Schools Boot Snoopy Grad Students
It was a scandal so awful that Harvard Business School rejected more than 100 applicants. MIT called it an ethical breach. Stanford called it troubling.
Two students, who CBS News agreed not to identify, were among hundreds who broke into their own admission files online to find out early if they'd been accepted to business school.
Asked to describe what they did, one of the students says: "I'd probably describe it as taking advantage of a loophole."
As CBS News Correspondent Wyatt Andrews reports, it wasn't exactly hacking. Someone had posted the backdoor instructions and the students accessed their own files three weeks early.
One of the students says she did it because, "Everyone in this situation was under an extreme amount of stress, and you know, a lapse in judgment happened."
But the schools reacted severely. Harvard and MIT immediately rejected everyone who peeked "because it wasn't an impulsive mistake," said Richard L. Schmalensee, dean of MIT's Sloan School of Management.
Schmalensee said MIT had to signal it could not welcome the ethically challenged.
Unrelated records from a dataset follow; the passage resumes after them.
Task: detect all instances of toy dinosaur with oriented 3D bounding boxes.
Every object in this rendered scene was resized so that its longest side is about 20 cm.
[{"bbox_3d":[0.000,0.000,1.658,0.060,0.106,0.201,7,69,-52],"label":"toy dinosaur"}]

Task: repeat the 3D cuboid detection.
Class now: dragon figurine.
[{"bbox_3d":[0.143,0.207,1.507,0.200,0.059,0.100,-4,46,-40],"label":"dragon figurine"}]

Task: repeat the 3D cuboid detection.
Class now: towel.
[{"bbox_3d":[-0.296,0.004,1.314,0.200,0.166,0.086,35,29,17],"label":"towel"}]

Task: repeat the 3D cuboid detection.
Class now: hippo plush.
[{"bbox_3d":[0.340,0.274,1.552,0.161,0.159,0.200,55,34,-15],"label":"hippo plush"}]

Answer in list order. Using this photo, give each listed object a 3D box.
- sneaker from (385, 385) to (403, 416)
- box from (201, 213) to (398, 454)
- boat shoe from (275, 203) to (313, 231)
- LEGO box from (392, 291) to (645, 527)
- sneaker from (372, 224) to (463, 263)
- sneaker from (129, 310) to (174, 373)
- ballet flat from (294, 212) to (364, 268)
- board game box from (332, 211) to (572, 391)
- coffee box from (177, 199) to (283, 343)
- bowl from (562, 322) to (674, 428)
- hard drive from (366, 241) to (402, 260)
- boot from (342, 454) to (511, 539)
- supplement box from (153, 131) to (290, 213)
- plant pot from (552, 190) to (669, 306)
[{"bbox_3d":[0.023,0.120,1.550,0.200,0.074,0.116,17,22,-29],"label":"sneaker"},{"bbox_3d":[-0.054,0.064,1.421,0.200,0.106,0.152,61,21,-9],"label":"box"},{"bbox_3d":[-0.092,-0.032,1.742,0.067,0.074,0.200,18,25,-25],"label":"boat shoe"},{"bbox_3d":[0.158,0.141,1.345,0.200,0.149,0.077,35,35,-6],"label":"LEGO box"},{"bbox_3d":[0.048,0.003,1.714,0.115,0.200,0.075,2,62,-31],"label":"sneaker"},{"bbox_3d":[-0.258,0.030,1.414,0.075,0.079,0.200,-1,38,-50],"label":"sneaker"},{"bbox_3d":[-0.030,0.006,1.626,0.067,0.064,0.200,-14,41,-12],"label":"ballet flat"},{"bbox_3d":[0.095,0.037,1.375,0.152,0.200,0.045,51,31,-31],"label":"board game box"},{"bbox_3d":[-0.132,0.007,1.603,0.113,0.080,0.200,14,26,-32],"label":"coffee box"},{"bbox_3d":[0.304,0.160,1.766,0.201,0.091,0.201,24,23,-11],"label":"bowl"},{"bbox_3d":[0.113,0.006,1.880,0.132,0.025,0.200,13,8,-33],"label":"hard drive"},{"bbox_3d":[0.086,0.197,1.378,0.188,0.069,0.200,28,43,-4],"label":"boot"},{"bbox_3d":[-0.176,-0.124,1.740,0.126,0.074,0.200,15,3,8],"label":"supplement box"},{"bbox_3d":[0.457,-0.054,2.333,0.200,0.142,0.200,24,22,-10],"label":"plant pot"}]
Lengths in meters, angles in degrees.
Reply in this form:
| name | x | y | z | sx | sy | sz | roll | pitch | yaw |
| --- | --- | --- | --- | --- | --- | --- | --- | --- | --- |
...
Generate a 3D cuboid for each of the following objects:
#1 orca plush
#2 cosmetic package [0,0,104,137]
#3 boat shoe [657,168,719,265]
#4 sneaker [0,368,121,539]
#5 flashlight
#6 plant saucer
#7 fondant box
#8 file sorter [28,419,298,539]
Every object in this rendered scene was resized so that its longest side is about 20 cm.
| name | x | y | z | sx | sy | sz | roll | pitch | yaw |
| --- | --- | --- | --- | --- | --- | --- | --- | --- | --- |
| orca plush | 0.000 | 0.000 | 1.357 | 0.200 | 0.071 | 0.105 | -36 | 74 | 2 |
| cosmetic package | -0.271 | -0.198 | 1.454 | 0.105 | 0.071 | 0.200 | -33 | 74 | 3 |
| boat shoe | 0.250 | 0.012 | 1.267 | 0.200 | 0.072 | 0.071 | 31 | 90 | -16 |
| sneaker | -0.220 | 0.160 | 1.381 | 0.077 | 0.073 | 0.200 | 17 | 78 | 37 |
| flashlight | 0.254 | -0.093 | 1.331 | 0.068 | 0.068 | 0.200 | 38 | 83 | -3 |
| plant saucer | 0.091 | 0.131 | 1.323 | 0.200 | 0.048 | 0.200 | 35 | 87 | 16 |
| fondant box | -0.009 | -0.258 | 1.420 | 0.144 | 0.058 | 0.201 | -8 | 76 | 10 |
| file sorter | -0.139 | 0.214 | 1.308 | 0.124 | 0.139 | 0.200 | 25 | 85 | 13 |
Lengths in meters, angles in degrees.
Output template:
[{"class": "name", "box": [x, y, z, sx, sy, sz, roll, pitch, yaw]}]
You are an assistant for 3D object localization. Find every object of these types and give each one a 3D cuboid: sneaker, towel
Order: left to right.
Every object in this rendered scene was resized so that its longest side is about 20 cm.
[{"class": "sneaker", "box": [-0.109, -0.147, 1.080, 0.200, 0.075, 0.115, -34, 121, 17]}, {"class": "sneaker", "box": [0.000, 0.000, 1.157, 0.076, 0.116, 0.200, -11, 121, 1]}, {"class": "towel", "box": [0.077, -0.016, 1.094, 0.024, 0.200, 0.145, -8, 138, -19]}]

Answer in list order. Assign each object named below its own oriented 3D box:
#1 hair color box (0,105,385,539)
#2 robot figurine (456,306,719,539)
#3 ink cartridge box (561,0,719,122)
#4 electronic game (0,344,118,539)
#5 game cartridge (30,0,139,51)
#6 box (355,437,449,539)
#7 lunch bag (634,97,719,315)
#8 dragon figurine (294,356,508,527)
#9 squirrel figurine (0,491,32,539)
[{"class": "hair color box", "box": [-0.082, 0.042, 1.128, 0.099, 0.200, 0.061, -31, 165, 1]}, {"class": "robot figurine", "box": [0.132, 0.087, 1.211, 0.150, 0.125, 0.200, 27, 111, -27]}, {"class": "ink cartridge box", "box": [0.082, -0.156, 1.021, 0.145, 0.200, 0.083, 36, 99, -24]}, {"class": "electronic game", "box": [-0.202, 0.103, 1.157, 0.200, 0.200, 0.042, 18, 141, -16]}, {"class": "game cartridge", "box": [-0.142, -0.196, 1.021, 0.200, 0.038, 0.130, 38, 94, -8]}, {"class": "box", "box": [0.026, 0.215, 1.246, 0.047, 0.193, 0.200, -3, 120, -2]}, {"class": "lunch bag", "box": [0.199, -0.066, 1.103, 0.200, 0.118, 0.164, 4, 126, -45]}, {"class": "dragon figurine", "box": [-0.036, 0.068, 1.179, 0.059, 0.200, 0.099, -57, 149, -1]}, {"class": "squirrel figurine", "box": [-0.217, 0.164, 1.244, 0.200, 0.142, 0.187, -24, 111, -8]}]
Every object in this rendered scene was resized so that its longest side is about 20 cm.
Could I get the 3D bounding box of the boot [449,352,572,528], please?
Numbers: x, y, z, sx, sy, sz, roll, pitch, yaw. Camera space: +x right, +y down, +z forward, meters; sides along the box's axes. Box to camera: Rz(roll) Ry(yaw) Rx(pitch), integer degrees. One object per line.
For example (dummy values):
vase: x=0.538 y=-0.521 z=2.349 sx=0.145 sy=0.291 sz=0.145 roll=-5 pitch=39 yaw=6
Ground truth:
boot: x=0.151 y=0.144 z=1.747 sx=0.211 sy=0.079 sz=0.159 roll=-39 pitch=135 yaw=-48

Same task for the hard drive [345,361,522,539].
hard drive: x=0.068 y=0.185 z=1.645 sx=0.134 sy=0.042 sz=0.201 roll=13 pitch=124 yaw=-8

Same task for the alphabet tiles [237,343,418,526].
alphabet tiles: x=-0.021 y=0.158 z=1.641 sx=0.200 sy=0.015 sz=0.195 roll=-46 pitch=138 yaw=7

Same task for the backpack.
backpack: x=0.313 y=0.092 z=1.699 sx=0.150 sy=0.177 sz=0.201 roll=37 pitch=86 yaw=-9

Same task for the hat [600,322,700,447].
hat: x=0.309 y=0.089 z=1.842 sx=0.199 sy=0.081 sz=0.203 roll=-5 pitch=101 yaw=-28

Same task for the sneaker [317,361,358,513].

"It was something, you know, you're going someplace you are not supposed to go and you are taking some time to get there," Schmalensee. "Where's the ethics violation if you open a looked door?"
"I was looking at my own information," says one student who peeked. "I wasn't trying to alter someone's decision. Ultimately all I wanted to do was see something that was mine."
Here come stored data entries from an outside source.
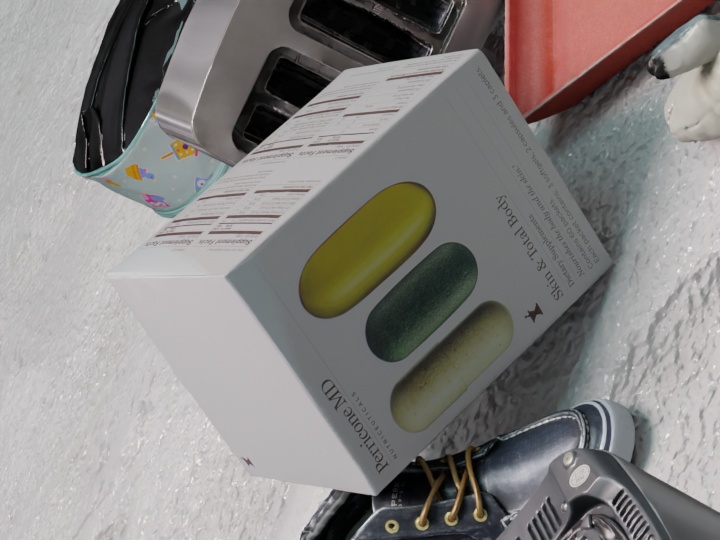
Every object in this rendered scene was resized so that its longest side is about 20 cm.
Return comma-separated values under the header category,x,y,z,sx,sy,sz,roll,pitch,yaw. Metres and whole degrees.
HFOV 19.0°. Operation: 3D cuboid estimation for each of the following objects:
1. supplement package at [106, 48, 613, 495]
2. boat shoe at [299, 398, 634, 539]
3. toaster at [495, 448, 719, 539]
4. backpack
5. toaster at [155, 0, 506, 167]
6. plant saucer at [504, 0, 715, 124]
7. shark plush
category,x,y,z,sx,sy,sz,roll,pitch,yaw
supplement package,0.000,0.000,1.199,0.200,0.152,0.151,-42,20,-24
boat shoe,0.054,0.125,1.155,0.200,0.091,0.071,-43,35,35
toaster,0.139,0.175,0.930,0.114,0.129,0.200,-56,29,19
backpack,-0.121,-0.135,1.589,0.176,0.153,0.200,-8,52,60
toaster,-0.024,-0.138,1.377,0.181,0.200,0.119,-64,19,1
plant saucer,0.162,-0.201,1.282,0.200,0.037,0.200,-37,39,43
shark plush,0.222,-0.144,1.109,0.200,0.091,0.083,-59,-2,21
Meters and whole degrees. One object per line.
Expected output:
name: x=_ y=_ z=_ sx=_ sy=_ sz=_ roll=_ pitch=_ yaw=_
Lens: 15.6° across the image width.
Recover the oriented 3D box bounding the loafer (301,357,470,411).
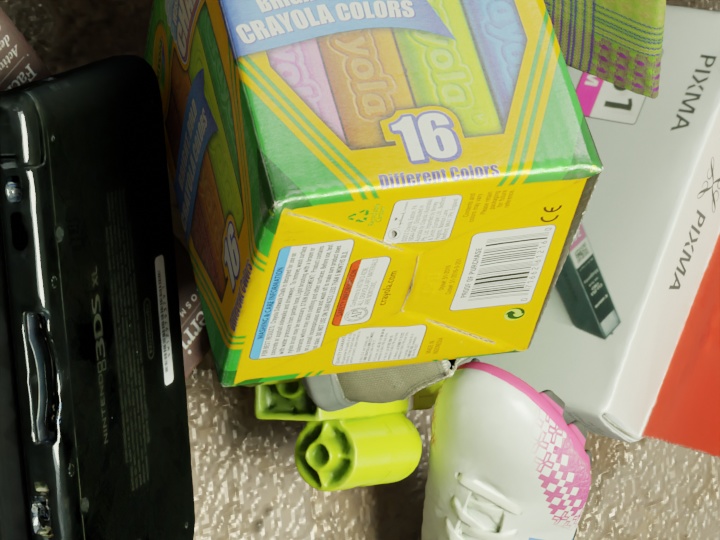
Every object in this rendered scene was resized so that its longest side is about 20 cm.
loafer: x=0.046 y=0.005 z=1.080 sx=0.200 sy=0.069 sz=0.076 roll=-42 pitch=127 yaw=-53

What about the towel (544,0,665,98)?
towel: x=0.032 y=-0.149 z=1.031 sx=0.023 sy=0.199 sz=0.144 roll=-56 pitch=160 yaw=-27

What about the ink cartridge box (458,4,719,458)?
ink cartridge box: x=0.149 y=-0.019 z=1.189 sx=0.044 sy=0.173 sz=0.201 roll=35 pitch=73 yaw=-47

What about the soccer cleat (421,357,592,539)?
soccer cleat: x=0.058 y=0.117 z=1.155 sx=0.087 sy=0.070 sz=0.200 roll=-56 pitch=156 yaw=-23

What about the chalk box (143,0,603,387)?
chalk box: x=-0.007 y=-0.078 z=0.974 sx=0.123 sy=0.125 sz=0.201 roll=-7 pitch=58 yaw=-16

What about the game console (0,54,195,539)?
game console: x=-0.149 y=0.032 z=0.953 sx=0.176 sy=0.116 sz=0.201 roll=-32 pitch=121 yaw=-66

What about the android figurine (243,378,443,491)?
android figurine: x=0.000 y=0.000 z=1.111 sx=0.200 sy=0.041 sz=0.183 roll=4 pitch=87 yaw=-63

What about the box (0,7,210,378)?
box: x=-0.146 y=-0.018 z=1.006 sx=0.100 sy=0.075 sz=0.200 roll=-52 pitch=127 yaw=-23
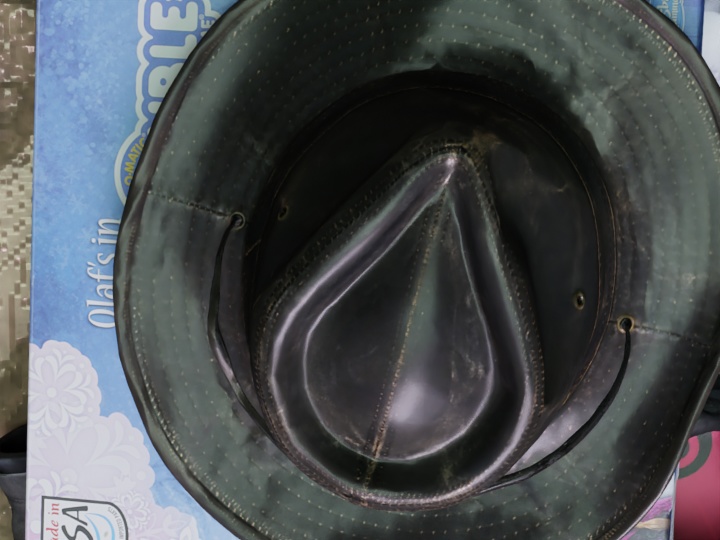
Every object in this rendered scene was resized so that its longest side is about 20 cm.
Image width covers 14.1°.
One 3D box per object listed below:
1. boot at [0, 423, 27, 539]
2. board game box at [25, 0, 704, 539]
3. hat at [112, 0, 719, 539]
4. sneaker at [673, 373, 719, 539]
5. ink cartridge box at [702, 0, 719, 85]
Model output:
[{"bbox_3d":[-0.019,0.104,0.952,0.199,0.070,0.132,-3,104,-6],"label":"boot"},{"bbox_3d":[0.000,0.000,0.881,0.198,0.043,0.201,3,100,8],"label":"board game box"},{"bbox_3d":[0.015,0.004,0.815,0.200,0.081,0.201,1,99,8],"label":"hat"},{"bbox_3d":[0.129,0.113,0.950,0.077,0.084,0.200,-31,107,8],"label":"sneaker"},{"bbox_3d":[0.130,-0.127,0.892,0.197,0.043,0.201,5,108,-3],"label":"ink cartridge box"}]

Asked to respond to that, Schalmansee notes "Is there nothing wrong with going through the files just because you can?"
Part of what's happening here involves a generational gap over ethics. Students who grew up with the Internet tend to see it as wide-open territory and don't view this level of Web snooping as a character flaw.
On the other hand, top-ranked business schools are under pressure to emphasize ethics. In the wake of Enron, WorldCom and Martha Stewart, business schools are competing to be more ethical than thou.
They're doing this, says Schalmanesee, "to send a message to society as a whole that we are attempting to produce people that when they go out in the world will behave ethically."
The schools will allow the offending students to reapply next year, but these students, who insisted they be interviewed in secret, believe some simple Internet surfing has branded them as cheaters for life.